Di. 30 Okt., 2012
Mitternacht, Kurt-Krömer-Late-Night-Show-Zeit. Kurtchens hinter einer Berliner Schnodderschnauze versteckte Subtilität empfinde ich schon allein als Kracher, aber heute Nacht zeigte sich: Es geht immer noch schlimmer. Und das lag an dem von mir sehr verehrten Serdar Somuncu.

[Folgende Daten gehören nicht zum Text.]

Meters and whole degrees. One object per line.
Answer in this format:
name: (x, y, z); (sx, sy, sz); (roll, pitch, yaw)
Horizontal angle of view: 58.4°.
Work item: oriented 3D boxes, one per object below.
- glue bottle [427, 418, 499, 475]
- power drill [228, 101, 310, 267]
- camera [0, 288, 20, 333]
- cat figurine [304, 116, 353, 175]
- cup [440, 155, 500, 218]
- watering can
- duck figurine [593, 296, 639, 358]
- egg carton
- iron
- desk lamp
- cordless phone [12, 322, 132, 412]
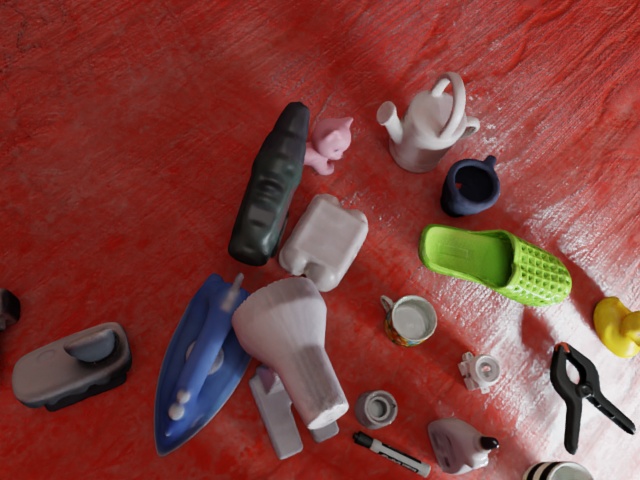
glue bottle: (0.200, 0.280, 0.782); (0.037, 0.173, 0.078); (-12, 73, -15)
power drill: (-0.075, -0.059, 0.829); (0.075, 0.208, 0.230); (18, 68, -5)
camera: (-0.474, 0.129, 0.736); (0.143, 0.100, 0.137); (-5, 71, -13)
cat figurine: (-0.005, -0.155, 0.928); (0.128, 0.117, 0.067); (-15, 74, -16)
cup: (0.249, -0.087, 0.968); (0.091, 0.095, 0.118); (38, 68, 4)
watering can: (0.181, -0.194, 0.939); (0.173, 0.194, 0.101); (-21, 76, -18)
duck figurine: (0.510, 0.139, 0.945); (0.078, 0.086, 0.104); (-15, 74, -16)
egg carton: (0.008, 0.003, 0.899); (0.107, 0.069, 0.150); (29, 67, 0)
iron: (-0.156, 0.164, 0.767); (0.118, 0.141, 0.258); (24, 67, -2)
desk lamp: (-0.032, 0.171, 0.752); (0.118, 0.213, 0.203); (-20, 75, -17)
cordless phone: (-0.317, 0.148, 0.716); (0.148, 0.185, 0.094); (-24, 76, -18)
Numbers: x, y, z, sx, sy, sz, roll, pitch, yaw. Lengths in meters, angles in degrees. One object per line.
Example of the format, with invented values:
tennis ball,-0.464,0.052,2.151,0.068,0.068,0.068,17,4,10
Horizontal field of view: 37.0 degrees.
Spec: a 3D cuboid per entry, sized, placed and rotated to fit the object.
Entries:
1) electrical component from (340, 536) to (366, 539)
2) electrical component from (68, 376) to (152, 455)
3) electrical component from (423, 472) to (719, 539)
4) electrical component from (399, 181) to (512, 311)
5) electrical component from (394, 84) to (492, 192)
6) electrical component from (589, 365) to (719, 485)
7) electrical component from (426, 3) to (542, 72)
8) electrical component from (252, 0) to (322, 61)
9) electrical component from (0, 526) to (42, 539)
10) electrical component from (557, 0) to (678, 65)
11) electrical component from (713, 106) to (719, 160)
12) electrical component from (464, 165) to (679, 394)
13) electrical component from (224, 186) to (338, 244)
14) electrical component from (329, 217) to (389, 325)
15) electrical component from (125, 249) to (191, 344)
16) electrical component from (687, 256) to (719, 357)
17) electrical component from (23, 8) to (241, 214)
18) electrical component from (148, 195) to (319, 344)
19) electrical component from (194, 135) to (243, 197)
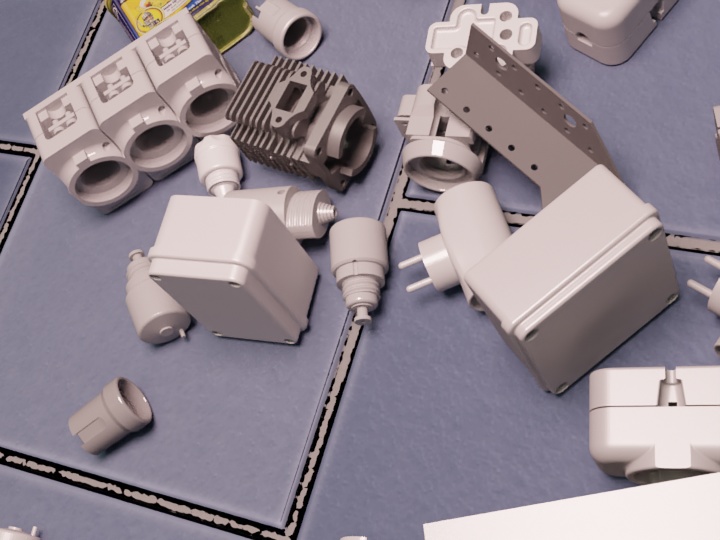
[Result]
electrical component,0.001,0.190,0.658,0.040,0.040,0.046,-1,61,20
electrical component,-0.178,0.105,0.765,0.046,0.040,0.040,-36,59,8
electrical component,0.139,0.183,0.597,0.186,0.060,0.105,-13,63,15
electrical component,0.065,-0.009,0.722,0.079,0.043,0.077,-23,61,10
electrical component,0.061,-0.091,0.753,0.078,0.058,0.057,5,66,23
electrical component,0.183,0.092,0.625,0.095,0.053,0.059,-3,66,19
electrical component,0.093,-0.151,0.768,0.078,0.057,0.058,2,68,21
electrical component,-0.059,-0.194,0.856,0.040,0.040,0.046,-46,53,-4
electrical component,-0.247,0.213,0.741,0.040,0.040,0.078,3,68,22
electrical component,0.186,-0.201,0.755,0.054,0.059,0.095,37,83,30
electrical component,0.257,-0.059,0.668,0.056,0.050,0.089,-11,64,16
electrical component,0.131,0.009,0.652,0.109,0.108,0.056,-39,57,0
electrical component,-0.056,-0.039,0.781,0.081,0.043,0.043,-3,66,19
electrical component,0.000,0.000,0.744,0.040,0.040,0.078,-11,63,16
electrical component,-0.154,0.018,0.794,0.040,0.040,0.078,-31,60,5
electrical component,0.237,0.018,0.645,0.079,0.043,0.077,33,81,30
electrical component,-0.166,-0.117,0.831,0.150,0.089,0.061,-32,60,4
electrical component,-0.084,0.002,0.733,0.078,0.113,0.057,4,66,22
electrical component,-0.106,-0.071,0.820,0.035,0.035,0.061,-20,64,11
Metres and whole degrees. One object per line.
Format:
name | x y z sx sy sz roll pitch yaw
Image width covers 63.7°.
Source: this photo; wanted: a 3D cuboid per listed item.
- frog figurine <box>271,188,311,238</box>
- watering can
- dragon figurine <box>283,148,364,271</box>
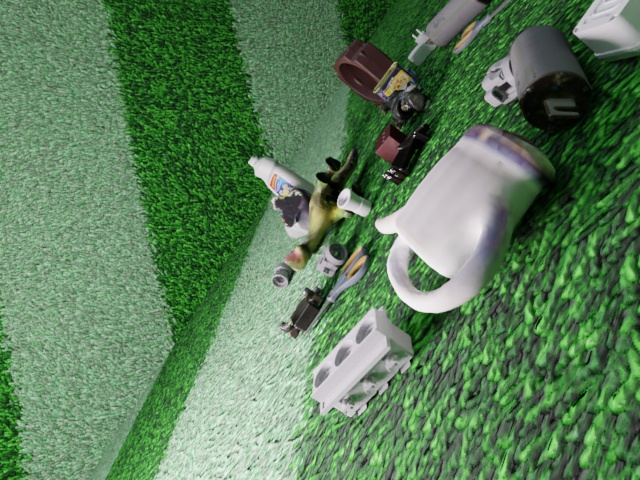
frog figurine | -0.050 -0.064 1.406 0.123 0.139 0.157 -54 -31 -6
watering can | 0.153 -0.041 0.631 0.223 0.103 0.352 -52 14 11
dragon figurine | 0.004 -0.063 1.255 0.238 0.122 0.418 -57 2 32
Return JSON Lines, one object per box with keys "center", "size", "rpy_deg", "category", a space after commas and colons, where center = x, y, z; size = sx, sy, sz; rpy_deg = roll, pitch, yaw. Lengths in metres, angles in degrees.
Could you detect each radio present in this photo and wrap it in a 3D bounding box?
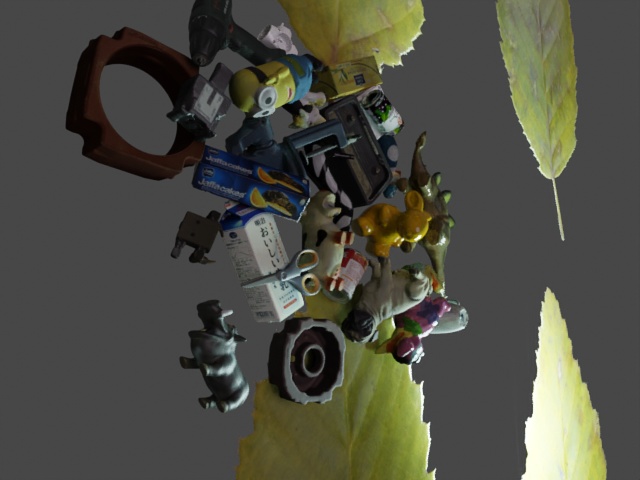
{"center": [0.070, -0.197, 1.201], "size": [0.131, 0.073, 0.229], "rpy_deg": [-43, 114, -39], "category": "radio"}

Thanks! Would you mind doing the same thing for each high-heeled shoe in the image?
{"center": [-0.006, -0.091, 1.129], "size": [0.145, 0.086, 0.248], "rpy_deg": [4, 100, -10], "category": "high-heeled shoe"}

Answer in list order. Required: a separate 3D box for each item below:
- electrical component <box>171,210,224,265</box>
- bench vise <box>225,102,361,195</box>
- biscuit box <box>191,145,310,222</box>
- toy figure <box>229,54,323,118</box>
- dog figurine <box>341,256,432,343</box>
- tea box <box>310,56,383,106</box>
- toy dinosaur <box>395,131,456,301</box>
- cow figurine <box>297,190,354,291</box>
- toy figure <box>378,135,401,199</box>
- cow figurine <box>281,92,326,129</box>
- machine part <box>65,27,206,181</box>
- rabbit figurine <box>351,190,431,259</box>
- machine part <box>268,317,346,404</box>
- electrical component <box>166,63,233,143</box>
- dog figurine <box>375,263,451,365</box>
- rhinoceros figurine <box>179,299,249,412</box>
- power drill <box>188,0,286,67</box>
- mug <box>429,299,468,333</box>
{"center": [-0.206, -0.005, 0.923], "size": [0.078, 0.045, 0.102], "rpy_deg": [16, 67, -13], "category": "electrical component"}
{"center": [-0.049, -0.175, 1.015], "size": [0.241, 0.129, 0.223], "rpy_deg": [-22, 111, -8], "category": "bench vise"}
{"center": [-0.120, -0.099, 0.944], "size": [0.202, 0.059, 0.063], "rpy_deg": [17, 39, -17], "category": "biscuit box"}
{"center": [-0.077, -0.272, 0.931], "size": [0.180, 0.089, 0.082], "rpy_deg": [-41, 142, -36], "category": "toy figure"}
{"center": [0.149, 0.149, 1.175], "size": [0.172, 0.121, 0.190], "rpy_deg": [19, 78, 0], "category": "dog figurine"}
{"center": [0.048, -0.350, 1.186], "size": [0.169, 0.098, 0.068], "rpy_deg": [-30, 104, -41], "category": "tea box"}
{"center": [0.282, -0.038, 1.356], "size": [0.198, 0.105, 0.470], "rpy_deg": [-29, 117, -54], "category": "toy dinosaur"}
{"center": [-0.002, -0.003, 1.079], "size": [0.085, 0.127, 0.194], "rpy_deg": [-2, 103, -67], "category": "cow figurine"}
{"center": [0.165, -0.178, 1.309], "size": [0.064, 0.058, 0.154], "rpy_deg": [-8, 92, -7], "category": "toy figure"}
{"center": [-0.045, -0.279, 1.077], "size": [0.098, 0.068, 0.167], "rpy_deg": [-6, 65, -35], "category": "cow figurine"}
{"center": [-0.281, -0.207, 0.847], "size": [0.201, 0.087, 0.201], "rpy_deg": [17, 72, -41], "category": "machine part"}
{"center": [0.182, -0.031, 1.205], "size": [0.162, 0.173, 0.121], "rpy_deg": [-35, 107, -24], "category": "rabbit figurine"}
{"center": [-0.025, 0.235, 1.057], "size": [0.179, 0.056, 0.179], "rpy_deg": [7, 80, -43], "category": "machine part"}
{"center": [-0.183, -0.224, 0.852], "size": [0.074, 0.048, 0.119], "rpy_deg": [34, 61, -37], "category": "electrical component"}
{"center": [0.206, 0.181, 1.261], "size": [0.219, 0.109, 0.191], "rpy_deg": [-43, 114, -37], "category": "dog figurine"}
{"center": [-0.169, 0.196, 0.906], "size": [0.112, 0.073, 0.190], "rpy_deg": [-23, 101, -43], "category": "rhinoceros figurine"}
{"center": [-0.151, -0.343, 0.971], "size": [0.207, 0.086, 0.232], "rpy_deg": [25, 45, -40], "category": "power drill"}
{"center": [0.327, 0.193, 1.376], "size": [0.109, 0.107, 0.080], "rpy_deg": [-37, 112, -39], "category": "mug"}
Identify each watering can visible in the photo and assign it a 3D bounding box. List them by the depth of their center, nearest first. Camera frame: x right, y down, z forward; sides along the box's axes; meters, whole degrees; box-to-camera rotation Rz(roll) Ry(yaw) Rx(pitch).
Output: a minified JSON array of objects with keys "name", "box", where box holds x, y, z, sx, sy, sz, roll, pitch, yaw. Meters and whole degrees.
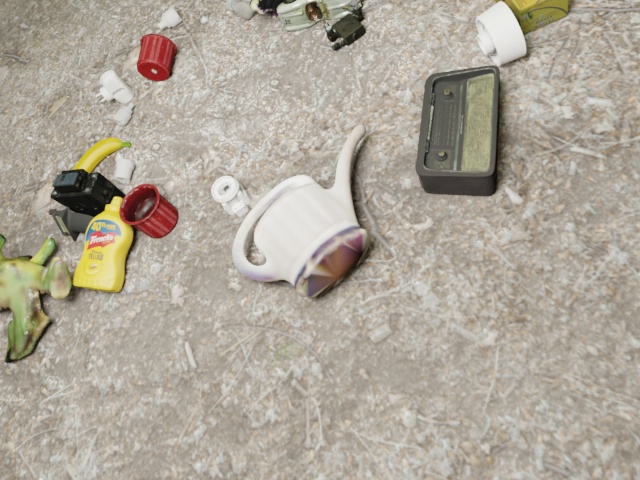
[{"name":"watering can","box":[0.003,-0.045,0.895,0.348,0.102,0.228,-42,57,-4]}]

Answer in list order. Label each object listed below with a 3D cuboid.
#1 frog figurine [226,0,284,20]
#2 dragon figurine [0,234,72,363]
[{"name":"frog figurine","box":[-0.158,-0.604,1.268,0.139,0.120,0.161,-24,39,-32]},{"name":"dragon figurine","box":[-0.649,0.135,1.063,0.406,0.121,0.247,-35,61,18]}]
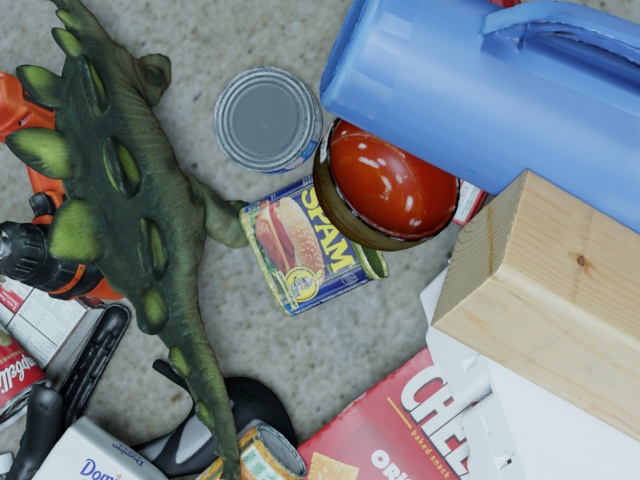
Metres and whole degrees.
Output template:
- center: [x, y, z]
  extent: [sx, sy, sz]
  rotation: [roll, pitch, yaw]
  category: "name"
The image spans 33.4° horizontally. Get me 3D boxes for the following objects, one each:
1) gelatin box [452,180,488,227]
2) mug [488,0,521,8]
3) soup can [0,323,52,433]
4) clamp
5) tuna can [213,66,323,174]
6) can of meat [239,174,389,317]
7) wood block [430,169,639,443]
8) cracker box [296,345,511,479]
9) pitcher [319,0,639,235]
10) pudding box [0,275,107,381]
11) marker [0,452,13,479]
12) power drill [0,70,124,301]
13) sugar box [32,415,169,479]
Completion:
- center: [0.094, -0.060, 0.837]
  extent: [0.089, 0.030, 0.073]
  rotation: [27, 95, 14]
  category: "gelatin box"
- center: [0.093, -0.189, 0.808]
  extent: [0.117, 0.093, 0.081]
  rotation: [-18, 90, 5]
  category: "mug"
- center: [-0.278, 0.101, 0.872]
  extent: [0.068, 0.068, 0.102]
  rotation: [-45, 82, 10]
  category: "soup can"
- center: [-0.223, 0.163, 0.864]
  extent: [0.036, 0.164, 0.210]
  rotation: [27, 105, 1]
  category: "clamp"
- center: [-0.042, -0.097, 0.871]
  extent: [0.086, 0.033, 0.086]
  rotation: [0, 89, 14]
  category: "tuna can"
- center: [-0.006, 0.001, 0.849]
  extent: [0.084, 0.057, 0.102]
  rotation: [-25, 82, 16]
  category: "can of meat"
- center: [0.191, 0.054, 0.709]
  extent: [0.206, 0.090, 0.090]
  rotation: [30, 52, -8]
  category: "wood block"
- center: [0.064, 0.199, 0.818]
  extent: [0.214, 0.072, 0.164]
  rotation: [-40, 80, 11]
  category: "cracker box"
- center: [0.131, -0.099, 0.727]
  extent: [0.242, 0.145, 0.149]
  rotation: [23, 105, -9]
  category: "pitcher"
- center: [-0.254, 0.073, 0.921]
  extent: [0.090, 0.039, 0.113]
  rotation: [39, 100, 9]
  category: "pudding box"
- center: [-0.265, 0.247, 0.932]
  extent: [0.020, 0.020, 0.121]
  rotation: [-15, 85, 14]
  category: "marker"
- center: [-0.229, -0.040, 0.853]
  extent: [0.057, 0.184, 0.188]
  rotation: [-28, 73, 11]
  category: "power drill"
- center: [-0.197, 0.231, 0.811]
  extent: [0.093, 0.048, 0.176]
  rotation: [37, 95, 1]
  category: "sugar box"
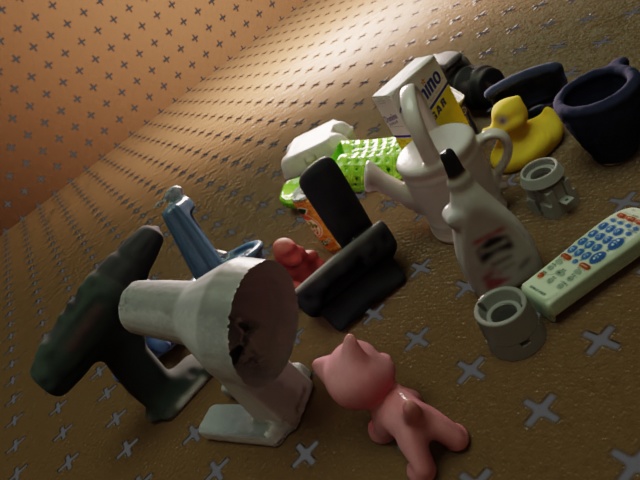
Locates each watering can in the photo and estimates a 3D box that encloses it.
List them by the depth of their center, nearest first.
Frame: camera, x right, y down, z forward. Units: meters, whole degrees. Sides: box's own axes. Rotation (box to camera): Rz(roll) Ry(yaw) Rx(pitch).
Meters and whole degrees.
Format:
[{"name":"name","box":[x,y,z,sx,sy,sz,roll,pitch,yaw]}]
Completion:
[{"name":"watering can","box":[0.136,-0.093,0.687,0.173,0.194,0.100,-32,28,6]}]

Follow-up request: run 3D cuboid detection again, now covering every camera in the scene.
[{"name":"camera","box":[0.220,-0.248,0.938,0.143,0.101,0.136,-42,28,-12]}]

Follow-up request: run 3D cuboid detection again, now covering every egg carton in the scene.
[{"name":"egg carton","box":[-0.002,-0.164,1.085,0.150,0.069,0.107,-21,31,25]}]

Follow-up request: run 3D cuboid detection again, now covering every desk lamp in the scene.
[{"name":"desk lamp","box":[-0.096,0.117,0.593,0.202,0.214,0.118,-12,35,37]}]

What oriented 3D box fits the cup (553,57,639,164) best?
[{"name":"cup","box":[0.333,-0.145,0.658,0.091,0.095,0.118,7,49,52]}]

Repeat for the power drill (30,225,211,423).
[{"name":"power drill","box":[-0.237,0.125,0.740,0.230,0.209,0.075,-48,30,-22]}]

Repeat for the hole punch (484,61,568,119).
[{"name":"hole punch","box":[0.292,-0.213,0.814,0.108,0.091,0.101,-19,32,28]}]

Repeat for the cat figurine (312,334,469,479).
[{"name":"cat figurine","box":[0.052,0.135,0.505,0.067,0.118,0.127,-43,29,-15]}]

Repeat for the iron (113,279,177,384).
[{"name":"iron","box":[-0.303,0.104,0.920,0.118,0.142,0.257,-35,28,1]}]

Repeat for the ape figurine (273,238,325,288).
[{"name":"ape figurine","box":[-0.033,0.037,0.779,0.075,0.092,0.078,5,47,51]}]

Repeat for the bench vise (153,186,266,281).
[{"name":"bench vise","box":[-0.130,0.037,0.749,0.121,0.220,0.207,-35,28,0]}]

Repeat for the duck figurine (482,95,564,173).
[{"name":"duck figurine","box":[0.262,-0.150,0.754,0.104,0.086,0.077,-33,28,5]}]

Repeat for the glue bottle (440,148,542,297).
[{"name":"glue bottle","box":[0.158,-0.019,0.569,0.078,0.173,0.037,-32,28,6]}]

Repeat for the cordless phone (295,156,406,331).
[{"name":"cordless phone","box":[0.006,0.002,0.690,0.148,0.185,0.094,-41,28,-10]}]
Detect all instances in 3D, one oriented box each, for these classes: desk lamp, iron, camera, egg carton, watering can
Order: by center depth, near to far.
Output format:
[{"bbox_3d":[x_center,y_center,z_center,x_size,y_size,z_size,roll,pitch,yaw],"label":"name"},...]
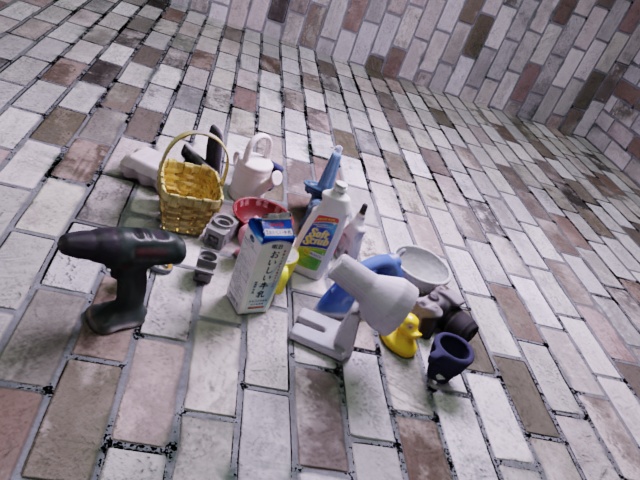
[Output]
[{"bbox_3d":[0.069,0.140,1.159,0.203,0.213,0.118,22,30,1],"label":"desk lamp"},{"bbox_3d":[0.100,0.094,1.321,0.259,0.141,0.118,-12,45,-44],"label":"iron"},{"bbox_3d":[0.300,0.181,1.351,0.144,0.101,0.136,-14,46,-45],"label":"camera"},{"bbox_3d":[-0.435,-0.184,1.491,0.150,0.069,0.107,24,31,4],"label":"egg carton"},{"bbox_3d":[-0.172,-0.197,1.555,0.172,0.194,0.101,27,31,9],"label":"watering can"}]

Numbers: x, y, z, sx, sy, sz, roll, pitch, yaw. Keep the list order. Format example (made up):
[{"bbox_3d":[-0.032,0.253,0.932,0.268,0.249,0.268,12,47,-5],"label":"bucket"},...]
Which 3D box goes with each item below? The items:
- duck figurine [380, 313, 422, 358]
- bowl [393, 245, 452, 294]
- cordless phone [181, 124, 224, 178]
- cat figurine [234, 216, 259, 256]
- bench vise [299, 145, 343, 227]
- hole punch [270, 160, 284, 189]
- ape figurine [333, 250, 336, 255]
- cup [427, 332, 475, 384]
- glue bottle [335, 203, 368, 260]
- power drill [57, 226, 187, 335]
[{"bbox_3d":[0.184,0.196,1.268,0.078,0.086,0.104,-6,40,-38],"label":"duck figurine"},{"bbox_3d":[0.254,0.088,1.494,0.167,0.075,0.167,16,31,-10],"label":"bowl"},{"bbox_3d":[-0.308,-0.242,1.549,0.094,0.185,0.147,-14,45,-44],"label":"cordless phone"},{"bbox_3d":[-0.147,-0.004,1.343,0.067,0.118,0.128,39,35,27],"label":"cat figurine"},{"bbox_3d":[0.023,-0.136,1.557,0.122,0.220,0.207,10,32,-18],"label":"bench vise"},{"bbox_3d":[-0.165,-0.217,1.693,0.108,0.091,0.101,22,31,1],"label":"hole punch"},{"bbox_3d":[0.013,0.005,1.455,0.078,0.092,0.076,4,35,-27],"label":"ape figurine"},{"bbox_3d":[0.257,0.260,1.205,0.118,0.095,0.091,-7,41,-39],"label":"cup"},{"bbox_3d":[0.087,-0.019,1.460,0.037,0.173,0.078,-1,37,-33],"label":"glue bottle"},{"bbox_3d":[-0.354,0.063,1.016,0.230,0.208,0.075,-12,44,-43],"label":"power drill"}]
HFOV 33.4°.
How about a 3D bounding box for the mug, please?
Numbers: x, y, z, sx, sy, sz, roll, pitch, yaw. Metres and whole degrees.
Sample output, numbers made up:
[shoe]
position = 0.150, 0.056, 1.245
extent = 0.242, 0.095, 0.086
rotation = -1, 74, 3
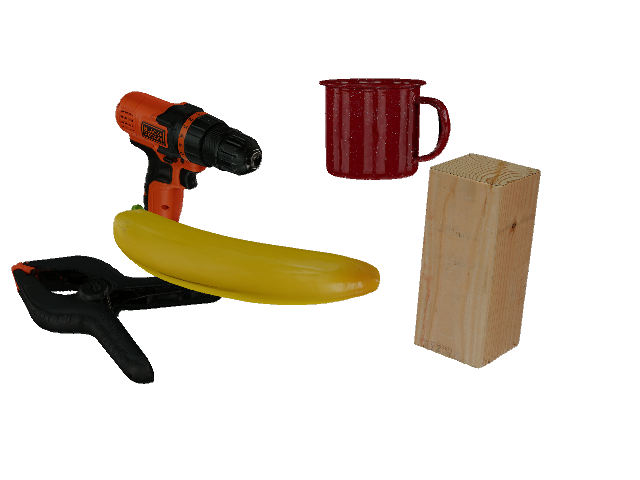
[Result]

„Political correctness“ hieß das Thema der Sendung, und gleich zu Beginn zählte Krömer ein paar No-Gos von seiner Liste auf: „Sagen wa jetzt mal, da ist was nicht ganz koscher, dann sagen wir nicht ,Det is‘ jetürkt‘, sondern ,Det is‘ gesüdosteuropäischt‘.“ Kurz darauf: „,Negerküsse‘ geht zum Beispiel gar nicht, das ist nicht pc, Negerküsse ist auf der schwarzen Liste wirklich ganz oben.“
Waren das nur Kalauer? Nein, denn ganz beiläufig zeigte Krömer, dass unsere Sprache voller Anspielungen auf andere Religionen (koscher), Hautfarben (schwarz, Neger) und Nationalitäten (Türken) steckt. Was politisch korrekte Sprache für Wortungetüme schafft, demonstrierte er an seiner korrekten Bezeichnung für Negerküsse, den „oralen Zuneigungsbeweisen dunkel pigmentierter Minderheiten“. Ganz und gar nicht political correct beschimpfte Krömer seine Mitarbeiter und rechtfertigte sich hinterher damit, dass er das ruhig machen könne – die verstünden eh kein Deutsch und seien billiger. Um dann grinsend zu verkünden: „Political correct heute, sehr verehrte Damen und Herren, hat alles mit dem Imagewechsel zu tun.“ Und fügte treuherzig hinzu: „Bin anders jeworden!“ Was viele nur als Trash betrachten, ist in Wahrheit ein Spiegel – Krömer versteckt hinter der Neuköllner Fassade einen Spiegel, im dem wir die hässliche, bigotte Seite, den puren Zynismus unserer Gesellschaft sehen.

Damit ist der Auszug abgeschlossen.